Der Vater hingegen wusste zu jeder Zeit, was sich in der Fremde tat. Es tat ihm im Herzen weg, dass sein Sohn so sehr leiden musste, konnte ihm aber nicht helfen. Aber trotzdem hatte er immer gehofft, dass er eines Tages nach Hause kommen würde.
Und nun war es endlich soweit. Das Herz in seiner Brust machte einen Hüpfer und der Vater freute sich sehr.
Als der Sohn dann schließlich die lange Strasse zum Hof entlang kam, rannte der Vater ihm entgegen. Er hielt es nicht mehr länger aus, seinen Sohn zu vermissen, er wollte ihn endlich wieder an sich drücken können.
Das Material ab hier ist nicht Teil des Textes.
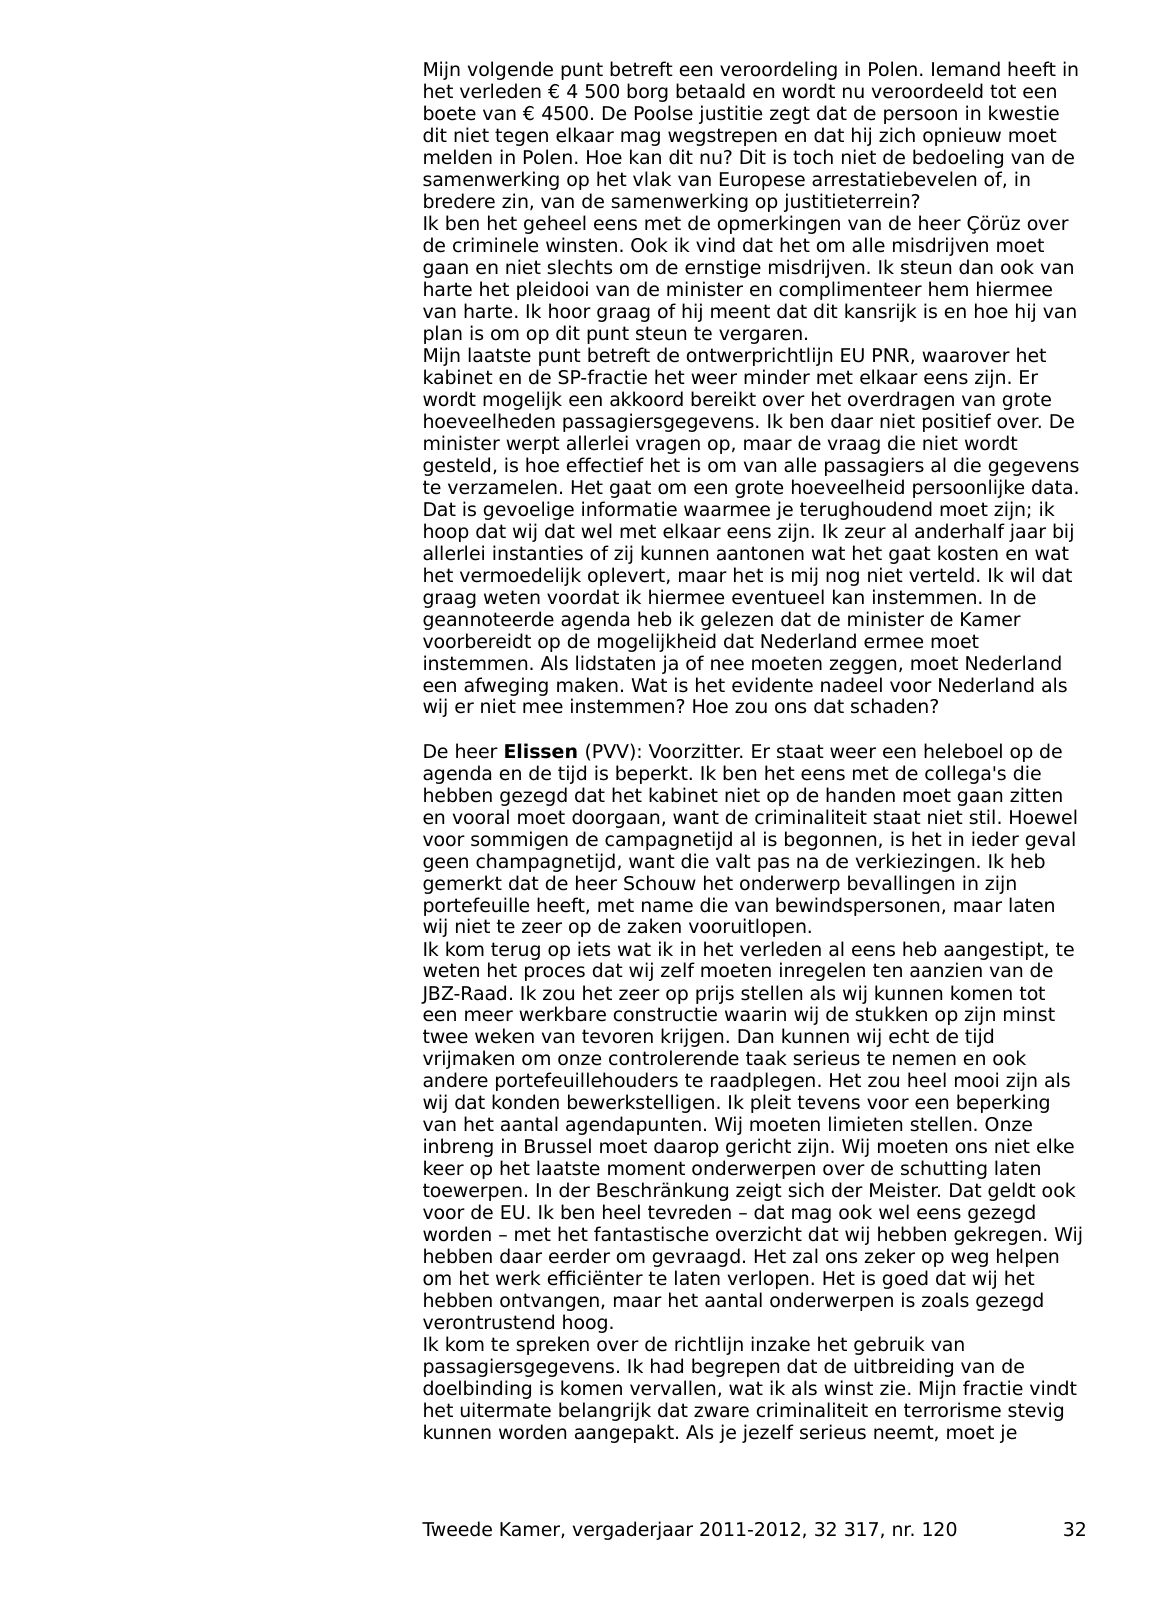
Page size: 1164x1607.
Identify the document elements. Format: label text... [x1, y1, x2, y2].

text Ik kom terug op iets wat ik in het verleden al eens heb aangestipt, te weten het proces dat wij zelf moeten inregelen ten aanzien van de JBZ-Raad. Ik zou het zeer op prijs stellen als wij kunnen komen tot een meer werkbare constructie waarin wij de stukken op zijn minst twee weken van tevoren krijgen. Dan kunnen wij echt de tijd vrijmaken om onze controlerende taak serieus te nemen en ook andere portefeuillehouders te raadplegen. Het zou heel mooi zijn als wij dat konden bewerkstelligen. Ik pleit tevens voor een beperking van het aantal agendapunten. Wij moeten limieten stellen. Onze inbreng in Brussel moet daarop gericht zijn. Wij moeten ons niet elke keer op het laatste moment onderwerpen over de schutting laten toewerpen. In der Beschränkung zeigt sich der Meister. Dat geldt ook voor de EU. Ik ben heel tevreden – dat mag ook wel eens gezegd worden – met het fantastische overzicht dat wij hebben gekregen. Wij hebben daar eerder om gevraagd. Het zal ons zeker op weg helpen om het werk efficiënter te laten verlopen. Het is goed dat wij het hebben ontvangen, maar het aantal onderwerpen is zoals gezegd verontrustend hoog. [422, 938, 1087, 1334]
text Ik kom te spreken over de richtlijn inzake het gebruik van passagiersgegevens. Ik had begrepen dat de uitbreiding van de doelbinding is komen vervallen, wat ik als winst zie. Mijn fractie vindt het uitermate belangrijk dat zware criminaliteit en terrorisme stevig kunnen worden aangepakt. Als je jezelf serieus neemt, moet je [422, 1334, 1087, 1444]
text Mijn laatste punt betreft de ontwerprichtlijn EU PNR, waarover het kabinet en de SP-fractie het weer minder met elkaar eens zijn. Er wordt mogelijk een akkoord bereikt over het overdragen van grote hoeveelheden passagiersgegevens. Ik ben daar niet positief over. De minister werpt allerlei vragen op, maar de vraag die niet wordt gesteld, is hoe effectief het is om van alle passagiers al die gegevens te verzamelen. Het gaat om een grote hoeveelheid persoonlijke data. Dat is gevoelige informatie waarmee je terughoudend moet zijn; ik hoop dat wij dat wel met elkaar eens zijn. Ik zeur al anderhalf jaar bij allerlei instanties of zij kunnen aantonen wat het gaat kosten en wat het vermoedelijk oplevert, maar het is mij nog niet verteld. Ik wil dat graag weten voordat ik hiermee eventueel kan instemmen. In de geannoteerde agenda heb ik gelezen dat de minister de Kamer voorbereidt op de mogelijkheid dat Nederland ermee moet instemmen. Als lidstaten ja of nee moeten zeggen, moet Nederland een afweging maken. Wat is het evidente nadeel voor Nederland als wij er niet mee instemmen? Hoe zou ons dat schaden? [422, 345, 1087, 718]
text Mijn volgende punt betreft een veroordeling in Polen. Iemand heeft in het verleden € 4 500 borg betaald en wordt nu veroordeeld tot een boete van € 4500. De Poolse justitie zegt dat de persoon in kwestie dit niet tegen elkaar mag wegstrepen en dat hij zich opnieuw moet melden in Polen. Hoe kan dit nu? Dit is toch niet de bedoeling van de samenwerking op het vlak van Europese arrestatiebevelen of, in bredere zin, van de samenwerking op justitieterrein? [422, 59, 1087, 213]
text Ik ben het geheel eens met de opmerkingen van de heer Çörüz over de criminele winsten. Ook ik vind dat het om alle misdrijven moet gaan en niet slechts om de ernstige misdrijven. Ik steun dan ook van harte het pleidooi van de minister en complimenteer hem hiermee van harte. Ik hoor graag of hij meent dat dit kansrijk is en hoe hij van plan is om op dit punt steun te vergaren. [422, 213, 1087, 345]
text De heer Elissen (PVV): Voorzitter. Er staat weer een heleboel op de agenda en de tijd is beperkt. Ik ben het eens met de collega's die hebben gezegd dat het kabinet niet op de handen moet gaan zitten en vooral moet doorgaan, want de criminaliteit staat niet stil. Hoewel voor sommigen de campagnetijd al is begonnen, is het in ieder geval geen champagnetijd, want die valt pas na de verkiezingen. Ik heb gemerkt dat de heer Schouw het onderwerp bevallingen in zijn portefeuille heeft, met name die van bewindspersonen, maar laten wij niet te zeer op de zaken vooruitlopen. [422, 741, 1087, 938]

Doch dieser lies seinen Blick zum Boden fallen und sagte, dass er es nicht wert wäre, als Sohn nach Hause zu kommen. Doch wollte der Vater das alles nicht hören. Er rief sofort seine Knechte und Diener herbei, die den Heimkehrer waschen und neu einkleiden sollten. Dann bereiteten sie alle gemeinsam ein großen Fest vor.
Endlich war das Hoffen und Beten vorbei. Der Sohn war wieder zurück und sie würden alle glücklich zusammen leben können. Denn ein verprasstes Erbe lies sich vielleicht ersetzen, zumindest aber ertragen, aber einen geliebten Menschen zu verlieren war unerträglich.